■ TASK REQUIREMENTS ■
Go line by line through the entries below and copy those containing the string "values".

╭─ RECORDS FOR PROCESSING

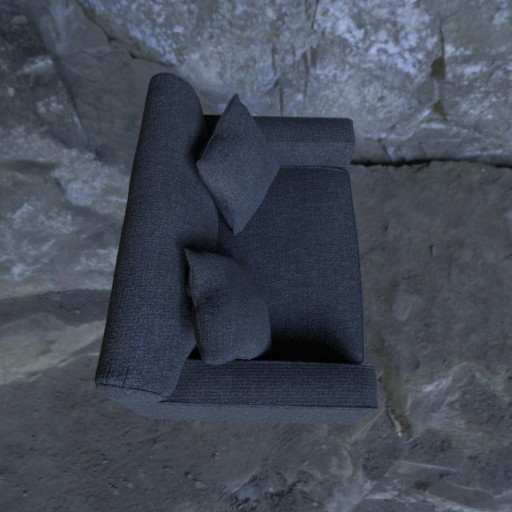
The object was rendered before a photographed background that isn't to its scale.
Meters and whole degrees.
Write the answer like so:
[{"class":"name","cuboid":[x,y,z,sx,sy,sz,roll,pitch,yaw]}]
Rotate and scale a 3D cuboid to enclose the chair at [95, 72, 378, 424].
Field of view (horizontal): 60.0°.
[{"class":"chair","cuboid":[0.000,0.000,2.039,1.000,0.948,1.383,1,64,1]}]
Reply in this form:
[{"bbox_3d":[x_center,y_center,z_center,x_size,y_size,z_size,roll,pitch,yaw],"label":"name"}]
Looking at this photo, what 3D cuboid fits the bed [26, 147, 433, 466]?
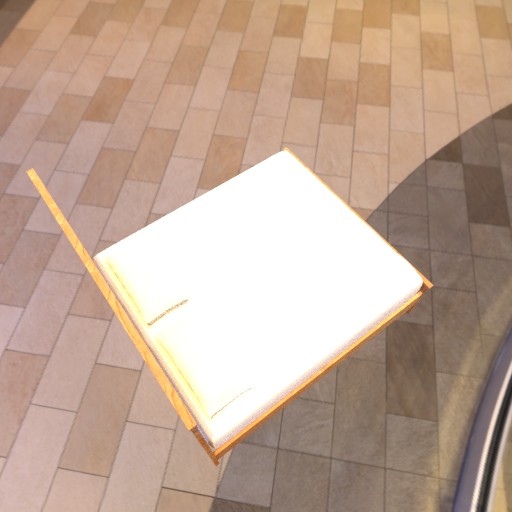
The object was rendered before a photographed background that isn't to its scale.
[{"bbox_3d":[0.000,0.000,3.999,2.530,1.938,2.225,-33,64,-18],"label":"bed"}]
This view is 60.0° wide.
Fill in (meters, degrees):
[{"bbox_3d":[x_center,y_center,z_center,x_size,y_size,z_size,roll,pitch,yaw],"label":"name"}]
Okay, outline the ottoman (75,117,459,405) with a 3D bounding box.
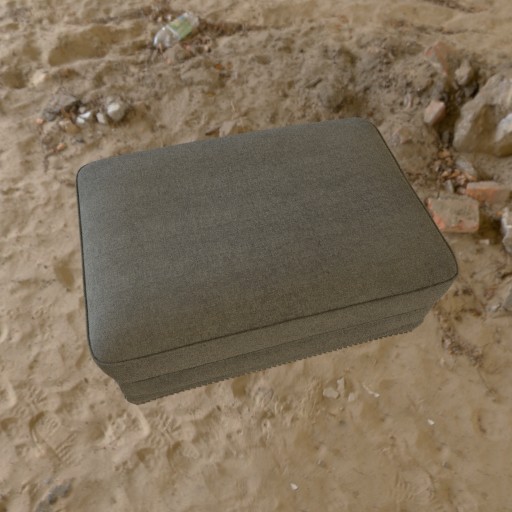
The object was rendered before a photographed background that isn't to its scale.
[{"bbox_3d":[0.000,0.000,1.180,0.813,0.457,0.561,-13,60,-8],"label":"ottoman"}]
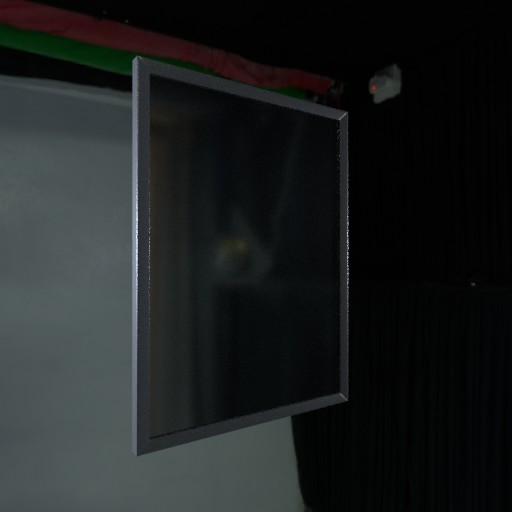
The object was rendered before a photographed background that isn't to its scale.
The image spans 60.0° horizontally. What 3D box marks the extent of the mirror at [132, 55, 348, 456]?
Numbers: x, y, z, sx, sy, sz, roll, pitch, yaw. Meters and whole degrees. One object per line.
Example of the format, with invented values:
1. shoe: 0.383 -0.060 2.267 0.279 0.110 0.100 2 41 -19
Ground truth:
1. mirror: 0.000 0.000 1.357 0.762 1.016 0.040 0 0 -35
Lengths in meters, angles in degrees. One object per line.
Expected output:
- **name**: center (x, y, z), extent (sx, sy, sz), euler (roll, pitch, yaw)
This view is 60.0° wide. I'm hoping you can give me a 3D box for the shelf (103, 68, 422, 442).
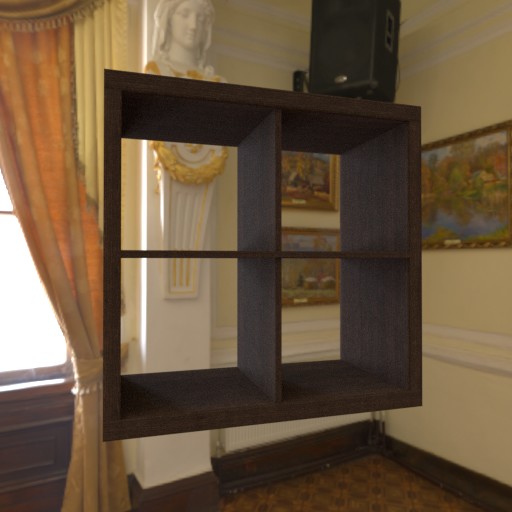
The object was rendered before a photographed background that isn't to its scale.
- **shelf**: center (0.000, 0.000, 1.234), extent (0.790, 0.786, 0.390), euler (0, -1, -17)
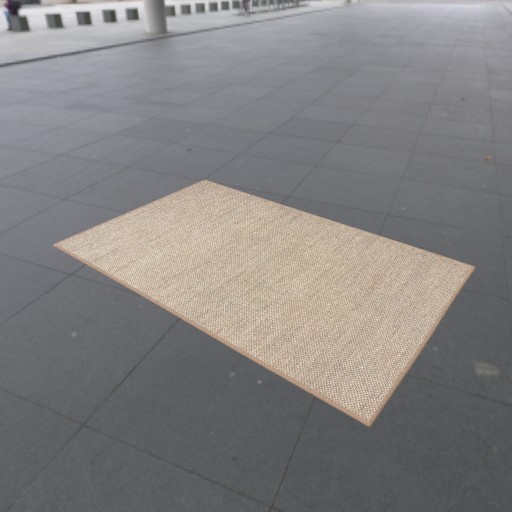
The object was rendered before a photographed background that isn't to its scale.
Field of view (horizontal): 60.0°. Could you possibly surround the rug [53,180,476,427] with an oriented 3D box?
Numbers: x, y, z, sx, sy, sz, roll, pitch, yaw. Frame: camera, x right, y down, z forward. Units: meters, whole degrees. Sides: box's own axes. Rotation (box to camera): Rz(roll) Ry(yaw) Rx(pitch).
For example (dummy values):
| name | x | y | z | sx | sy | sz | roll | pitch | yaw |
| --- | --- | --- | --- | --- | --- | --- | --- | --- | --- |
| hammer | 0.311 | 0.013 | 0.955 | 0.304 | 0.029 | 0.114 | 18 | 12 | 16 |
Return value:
| name | x | y | z | sx | sy | sz | roll | pitch | yaw |
| --- | --- | --- | --- | --- | --- | --- | --- | --- | --- |
| rug | 0.000 | 0.000 | 2.054 | 1.668 | 0.012 | 1.061 | 22 | 38 | 32 |
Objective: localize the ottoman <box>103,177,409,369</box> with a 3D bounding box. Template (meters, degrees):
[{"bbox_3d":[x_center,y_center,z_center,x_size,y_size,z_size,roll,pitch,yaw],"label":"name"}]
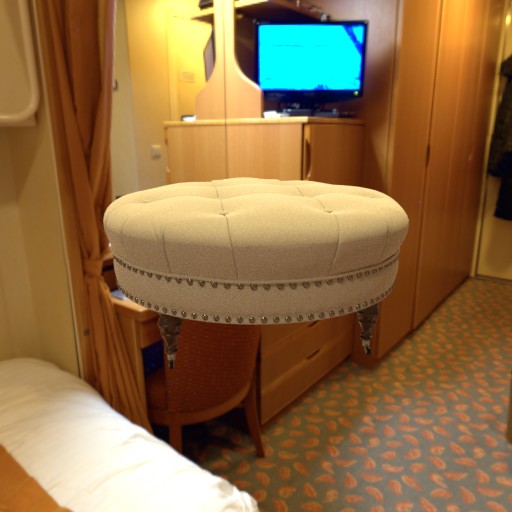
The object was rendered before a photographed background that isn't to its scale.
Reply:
[{"bbox_3d":[0.000,0.000,1.390,0.901,0.439,0.901,0,15,0],"label":"ottoman"}]
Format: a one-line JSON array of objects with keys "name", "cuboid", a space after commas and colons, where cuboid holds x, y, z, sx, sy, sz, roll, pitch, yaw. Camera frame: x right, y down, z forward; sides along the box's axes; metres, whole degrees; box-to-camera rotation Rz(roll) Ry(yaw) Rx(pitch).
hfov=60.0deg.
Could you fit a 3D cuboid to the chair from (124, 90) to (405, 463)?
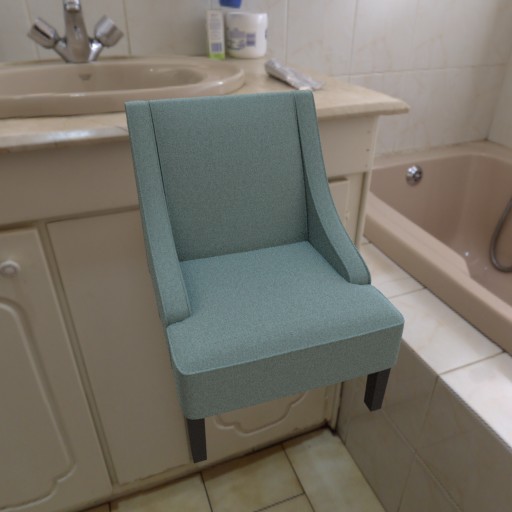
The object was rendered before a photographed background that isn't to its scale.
[{"name": "chair", "cuboid": [0.000, 0.000, 1.876, 0.857, 1.133, 1.025, -10, 32, -16]}]
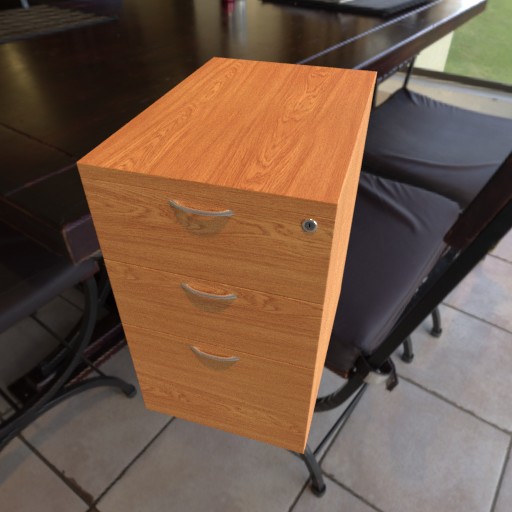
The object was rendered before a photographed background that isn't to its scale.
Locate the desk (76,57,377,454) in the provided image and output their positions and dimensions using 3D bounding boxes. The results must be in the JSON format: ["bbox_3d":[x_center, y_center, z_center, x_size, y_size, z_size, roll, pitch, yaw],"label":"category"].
[{"bbox_3d":[0.000,0.000,1.082,0.404,0.730,0.600,11,41,13],"label":"desk"}]
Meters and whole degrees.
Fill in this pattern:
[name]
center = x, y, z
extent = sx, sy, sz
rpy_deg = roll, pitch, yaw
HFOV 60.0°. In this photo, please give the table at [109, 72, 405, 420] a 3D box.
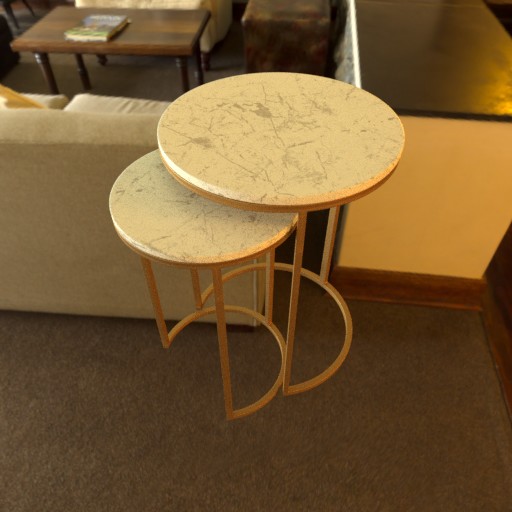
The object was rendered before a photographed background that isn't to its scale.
[table]
center = 0.000, 0.000, 0.899
extent = 0.507, 0.550, 0.400
rpy_deg = -32, 53, -28
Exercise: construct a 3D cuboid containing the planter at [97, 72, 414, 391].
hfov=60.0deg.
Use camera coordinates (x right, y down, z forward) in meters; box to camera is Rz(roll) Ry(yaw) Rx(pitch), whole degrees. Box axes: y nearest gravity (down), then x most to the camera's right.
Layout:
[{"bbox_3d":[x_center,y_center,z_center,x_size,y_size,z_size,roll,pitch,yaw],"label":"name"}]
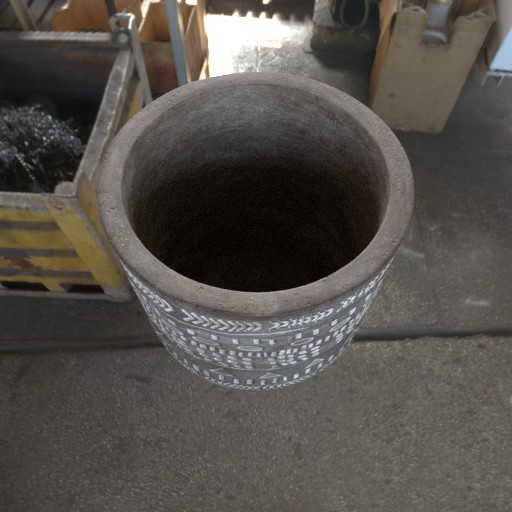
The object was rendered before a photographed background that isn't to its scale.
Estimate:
[{"bbox_3d":[0.000,0.000,0.225,0.122,0.128,0.122,0,59,0],"label":"planter"}]
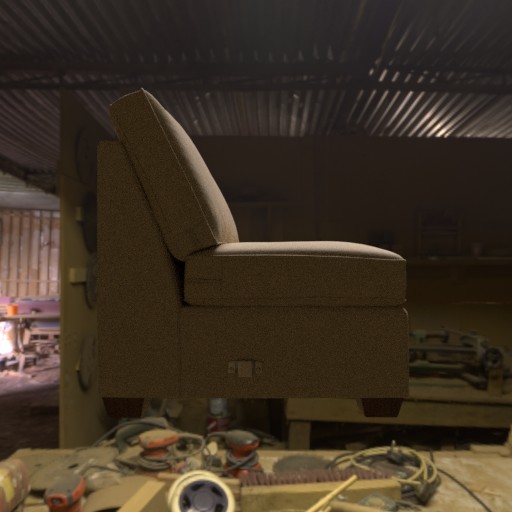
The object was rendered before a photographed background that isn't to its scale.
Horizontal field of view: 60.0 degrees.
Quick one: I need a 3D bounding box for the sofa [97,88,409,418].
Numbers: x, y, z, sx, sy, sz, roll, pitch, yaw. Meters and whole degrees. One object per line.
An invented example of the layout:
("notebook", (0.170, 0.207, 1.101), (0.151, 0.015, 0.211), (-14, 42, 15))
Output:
("sofa", (0.000, 0.000, 1.932), (0.951, 1.008, 1.237), (0, -1, 1))
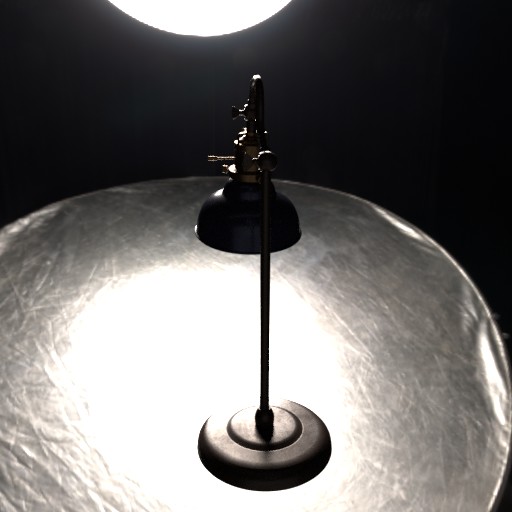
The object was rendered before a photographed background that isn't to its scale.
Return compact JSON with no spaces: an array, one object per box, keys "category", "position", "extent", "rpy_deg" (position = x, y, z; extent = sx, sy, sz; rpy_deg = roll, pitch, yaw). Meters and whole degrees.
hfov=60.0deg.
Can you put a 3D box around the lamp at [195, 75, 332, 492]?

╰─

■ ANSWER TO THE EXERCISE ■
Example of the format, with invented values:
For example (dummy values):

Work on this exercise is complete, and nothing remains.